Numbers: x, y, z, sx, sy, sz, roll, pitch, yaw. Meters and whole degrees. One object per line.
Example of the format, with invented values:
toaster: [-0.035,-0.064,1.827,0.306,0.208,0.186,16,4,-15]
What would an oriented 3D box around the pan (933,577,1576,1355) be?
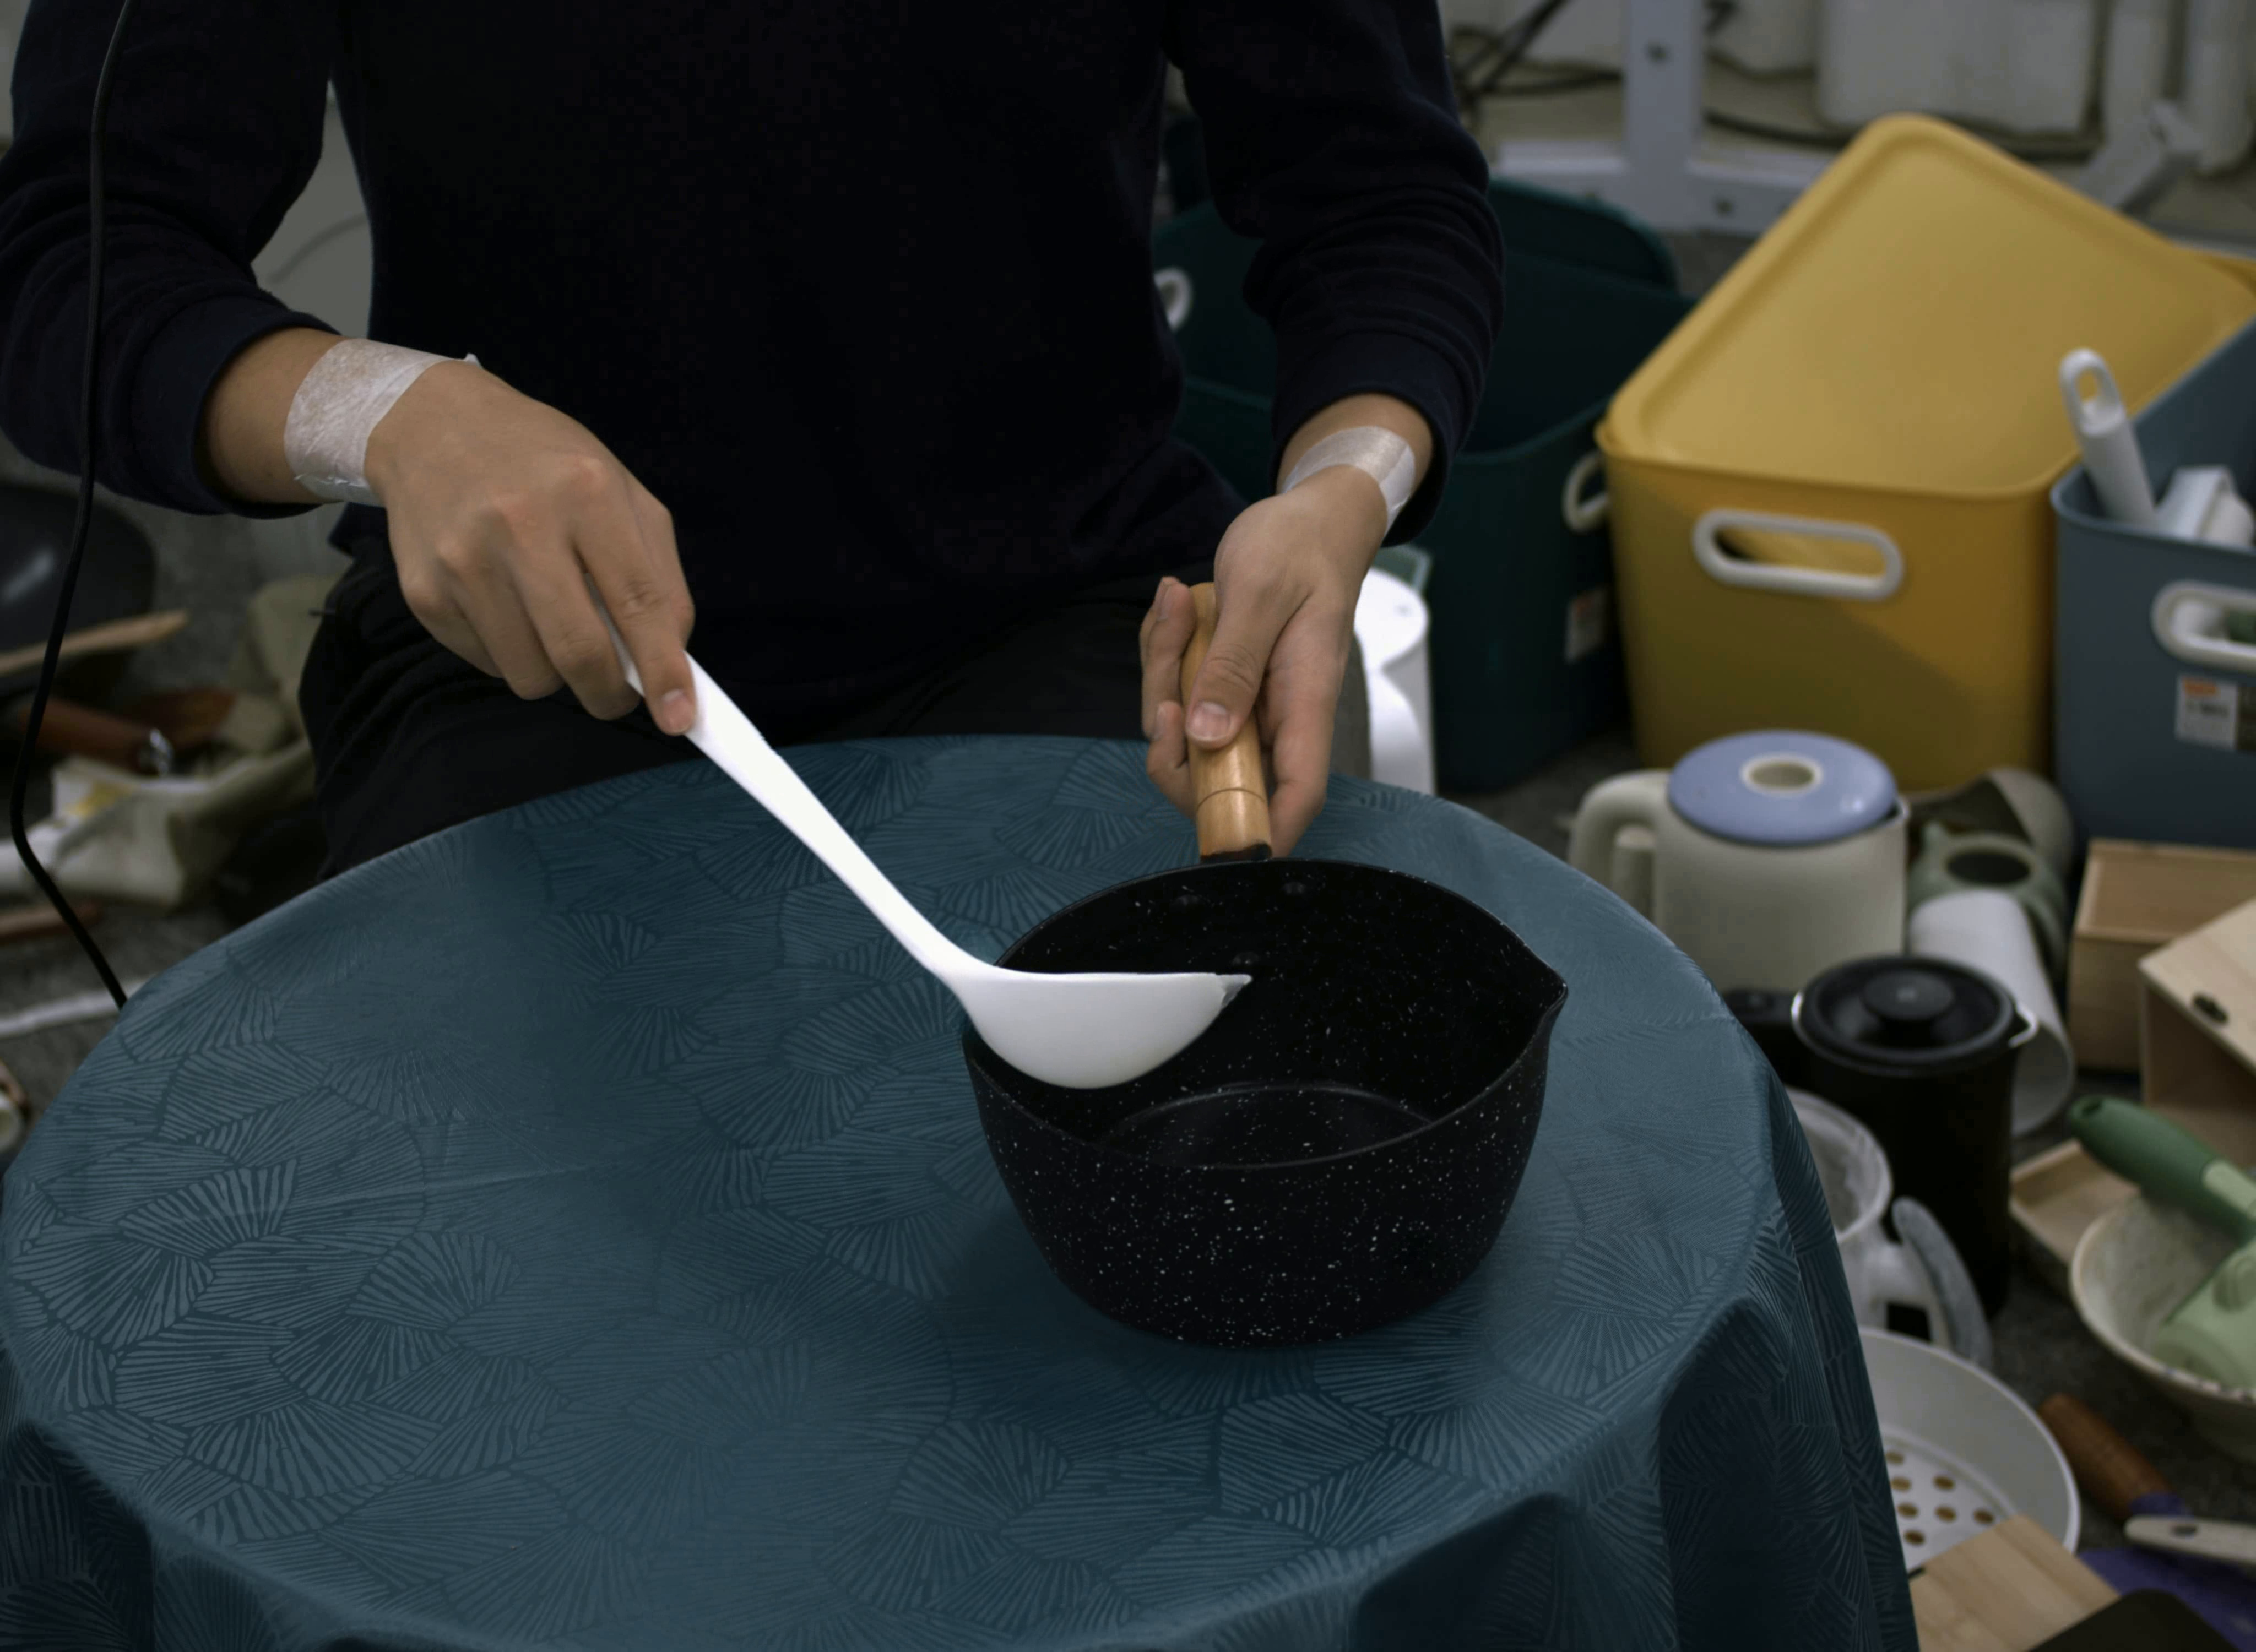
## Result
pan: [0.037,0.043,1.881,0.206,0.107,0.348,-6,31,-2]

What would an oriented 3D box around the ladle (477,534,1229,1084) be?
ladle: [-0.093,-0.015,1.754,0.294,0.069,0.091,40,26,28]

━━━━

Task directions:
None of the pictures should be reproduced; all other material above must be set down exactly.

The completed task:
Numbers: x, y, z, sx, sy, sz, roll, pitch, yaw. Meters and whole degrees. One object per line.
Example of the format, with invented values:
toaster: [-0.035,-0.064,1.827,0.306,0.208,0.186,16,4,-15]
What would an oriented 3D box around the pan (933,577,1576,1355) be?
## Result
pan: [0.037,0.043,1.881,0.206,0.107,0.348,-6,31,-2]

What would an oriented 3D box around the ladle (477,534,1229,1084) be?
ladle: [-0.093,-0.015,1.754,0.294,0.069,0.091,40,26,28]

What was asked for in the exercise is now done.